Hock walked him back to the consulate so he could sign the visitors’ book, and approaching the building, Gilroy said, “See what I mean?”
The line of people, men and women, some old, some like students, nearly all Africans, a few Indians.
“They’re all dying to leave.” He shrugged. “Because it’s a failed state. Whose fault is that?”
Afterward, Hock saw clearly what he had missed at lunch — that Gilroy, like the embassy people he’d known long ago, was downbeat about the country and didn’t know it well; that he felt he’d been posted to a hopeless place and had to make the best of it; that he would be gone in a year or so and in a new country. Gilroy was fragmentary in the way of lawyers and bureaucrats, and because of that he was impossible to pin down, evasive, a man of no fixed beliefs.

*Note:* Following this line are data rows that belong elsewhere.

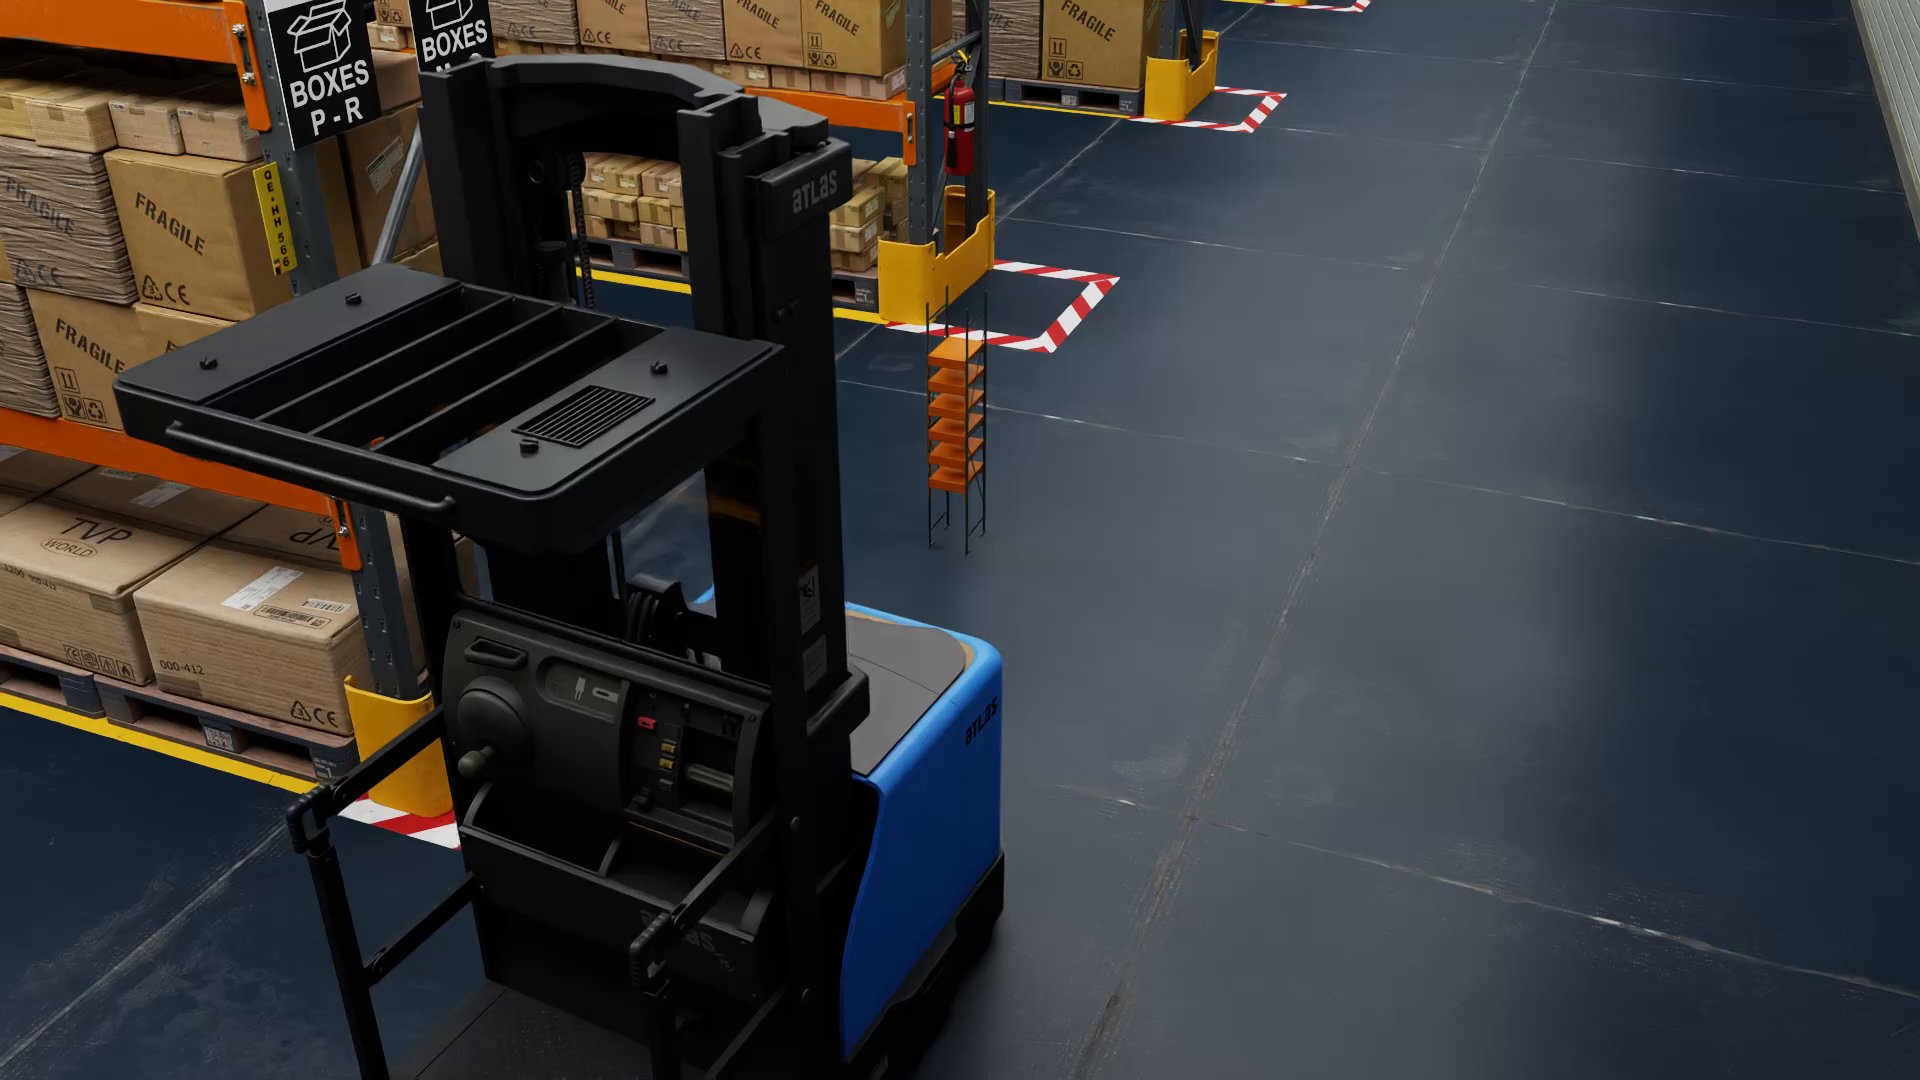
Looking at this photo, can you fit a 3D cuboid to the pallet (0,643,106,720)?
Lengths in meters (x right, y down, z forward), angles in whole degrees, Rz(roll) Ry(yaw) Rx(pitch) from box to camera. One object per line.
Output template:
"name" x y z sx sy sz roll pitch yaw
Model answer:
"pallet" -3.729 0.276 7.047 1.213 0.211 1.003 11 31 19

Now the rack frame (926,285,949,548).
"rack frame" -0.098 -0.542 7.489 0.006 1.200 0.240 11 31 19

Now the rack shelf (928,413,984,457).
"rack shelf" -0.013 -0.486 7.481 0.180 0.103 0.258 11 31 19

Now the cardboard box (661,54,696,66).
"cardboard box" -1.633 -2.975 10.221 0.250 0.149 0.380 10 31 17

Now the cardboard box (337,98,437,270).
"cardboard box" -2.169 -1.296 5.878 0.500 0.500 0.500 11 31 18

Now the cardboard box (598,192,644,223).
"cardboard box" -2.124 -2.193 10.749 0.250 0.149 0.380 12 31 20

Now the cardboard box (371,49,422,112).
"cardboard box" -2.057 -1.552 5.671 0.250 0.149 0.380 12 32 20

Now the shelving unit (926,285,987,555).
"shelving unit" -0.013 -0.525 7.459 0.189 1.200 0.258 11 31 19

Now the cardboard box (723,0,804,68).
"cardboard box" -1.053 -3.111 9.802 0.500 0.500 0.500 11 31 18

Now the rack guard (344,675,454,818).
"rack guard" -1.809 0.494 6.369 0.348 0.500 1.175 11 31 19

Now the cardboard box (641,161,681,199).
"cardboard box" -1.838 -2.321 10.674 0.250 0.149 0.380 10 31 17

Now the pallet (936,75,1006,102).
"pallet" -0.003 -4.242 15.041 1.213 0.211 1.003 11 31 19

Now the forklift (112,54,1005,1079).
"forklift" -0.977 0.508 3.873 1.130 2.935 3.031 14 32 23

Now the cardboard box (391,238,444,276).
"cardboard box" -2.168 -0.862 6.125 0.500 0.500 0.500 11 31 19

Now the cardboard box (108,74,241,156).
"cardboard box" -2.484 -1.371 5.351 0.250 0.149 0.380 12 32 20

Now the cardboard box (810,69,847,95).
"cardboard box" -0.689 -2.760 9.840 0.250 0.149 0.380 11 31 19

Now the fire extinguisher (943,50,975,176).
"fire extinguisher" -0.004 -2.422 9.444 0.183 0.674 0.296 11 31 19

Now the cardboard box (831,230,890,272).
"cardboard box" -0.630 -1.819 10.390 0.250 0.149 0.380 12 32 20

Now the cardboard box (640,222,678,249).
"cardboard box" -1.859 -2.026 10.757 0.250 0.149 0.380 12 32 20

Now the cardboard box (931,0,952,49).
"cardboard box" -0.376 -3.257 10.060 0.500 0.500 0.500 13 32 21

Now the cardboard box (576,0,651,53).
"cardboard box" -1.984 -3.298 10.132 0.500 0.500 0.500 13 32 22

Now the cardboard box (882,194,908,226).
"cardboard box" -0.453 -2.160 10.691 0.250 0.149 0.380 13 32 21

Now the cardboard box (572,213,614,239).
"cardboard box" -2.337 -2.121 10.925 0.250 0.149 0.380 10 31 18

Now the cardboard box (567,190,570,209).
"cardboard box" -2.553 -2.326 10.984 0.250 0.149 0.380 13 32 21

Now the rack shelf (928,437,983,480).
"rack shelf" -0.013 -0.382 7.540 0.180 0.103 0.258 11 31 19

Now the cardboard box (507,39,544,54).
"cardboard box" -2.638 -3.135 10.503 0.250 0.149 0.380 12 32 20

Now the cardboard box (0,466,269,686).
"cardboard box" -3.332 0.092 6.717 0.875 0.438 0.875 12 32 20

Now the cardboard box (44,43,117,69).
"cardboard box" -3.038 -1.733 5.991 0.250 0.149 0.380 12 31 20

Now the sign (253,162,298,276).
"sign" -2.049 -0.961 4.985 0.005 0.325 0.100 11 31 19

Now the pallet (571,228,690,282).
"pallet" -2.001 -2.068 11.194 1.213 0.211 1.003 11 31 19

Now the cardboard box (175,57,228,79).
"cardboard box" -2.524 -1.668 5.877 0.250 0.149 0.380 12 32 21

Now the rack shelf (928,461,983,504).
"rack shelf" -0.013 -0.277 7.599 0.180 0.103 0.258 11 31 19

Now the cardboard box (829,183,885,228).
"cardboard box" -0.650 -2.058 10.208 0.250 0.149 0.380 12 32 20

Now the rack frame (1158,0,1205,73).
"rack frame" 1.894 -5.118 13.756 0.127 3.000 1.000 11 31 19

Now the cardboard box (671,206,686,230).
"cardboard box" -1.627 -2.099 10.583 0.250 0.149 0.380 12 32 20

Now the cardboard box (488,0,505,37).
"cardboard box" -2.945 -3.493 10.477 0.500 0.500 0.500 11 31 19

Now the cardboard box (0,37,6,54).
"cardboard box" -3.478 -1.858 6.212 0.250 0.149 0.380 11 31 18

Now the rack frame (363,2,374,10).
"rack frame" -3.771 -3.615 11.097 0.127 3.000 1.000 11 31 19

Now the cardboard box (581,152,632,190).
"cardboard box" -2.305 -2.420 10.849 0.250 0.149 0.380 10 31 17

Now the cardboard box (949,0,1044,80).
"cardboard box" 0.428 -4.626 14.618 0.875 0.875 0.875 11 31 19

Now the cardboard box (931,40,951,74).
"cardboard box" -0.241 -2.975 10.220 0.250 0.149 0.380 11 31 19

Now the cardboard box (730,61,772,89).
"cardboard box" -1.172 -2.836 9.974 0.250 0.149 0.380 12 32 20

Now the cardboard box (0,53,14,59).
"cardboard box" -3.443 -1.546 5.660 0.250 0.149 0.380 12 32 20

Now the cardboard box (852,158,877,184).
"cardboard box" -0.723 -2.323 10.678 0.250 0.149 0.380 12 32 20

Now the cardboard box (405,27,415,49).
"cardboard box" -3.364 -3.290 10.777 0.250 0.149 0.380 12 32 21

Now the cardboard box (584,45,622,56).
"cardboard box" -2.127 -3.054 10.360 0.250 0.149 0.380 13 32 21

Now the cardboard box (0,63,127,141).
"cardboard box" -2.973 -1.446 5.483 0.250 0.149 0.380 12 32 20

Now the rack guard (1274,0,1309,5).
"rack guard" 3.784 -6.289 18.369 0.348 0.500 1.175 11 31 19

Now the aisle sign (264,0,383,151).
"aisle sign" -1.882 -1.576 4.848 0.004 0.787 0.394 11 31 19

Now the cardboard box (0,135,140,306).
"cardboard box" -2.863 -1.142 5.604 0.500 0.500 0.500 11 31 19

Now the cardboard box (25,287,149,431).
"cardboard box" -2.838 -0.711 5.857 0.500 0.500 0.500 11 31 18

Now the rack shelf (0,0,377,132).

Hock felt nothing but gratitude for being in Malawi, thankful that the country still existed, was still sleepy and friendly and ramshackle, that it had welcomed him. That day, walking along the street, strangers meeting his gaze smiled and said hello, and when he spoke to them in their own language they shrieked with pleasure.
The air was dense and hot, woven of many odors, and just a whiff brought it all back. He was walking down Hanover to Henderson, to the corner of Laws, to the bookshop, where he’d caught a glimpse of the sign Office Supplies. The countryside, so close, penetrated the town. You could not see the bush from the main street, but you could smell it: the wood smoke floated past the shops and seeped into the brick and stucco, the peculiar hum of scorched eucalyptus, the dustiness of dead leaves, the fields chopped apart by rusty mattocks to release the sharpness of bruised roots and red earth, all of it stinking with ripeness and decay; and on every sidewalk the sweetish feety smell of the people, the sourness of their rags. He closed his eyes and inhaled and smiled and thought, I could not be anywhere else but here.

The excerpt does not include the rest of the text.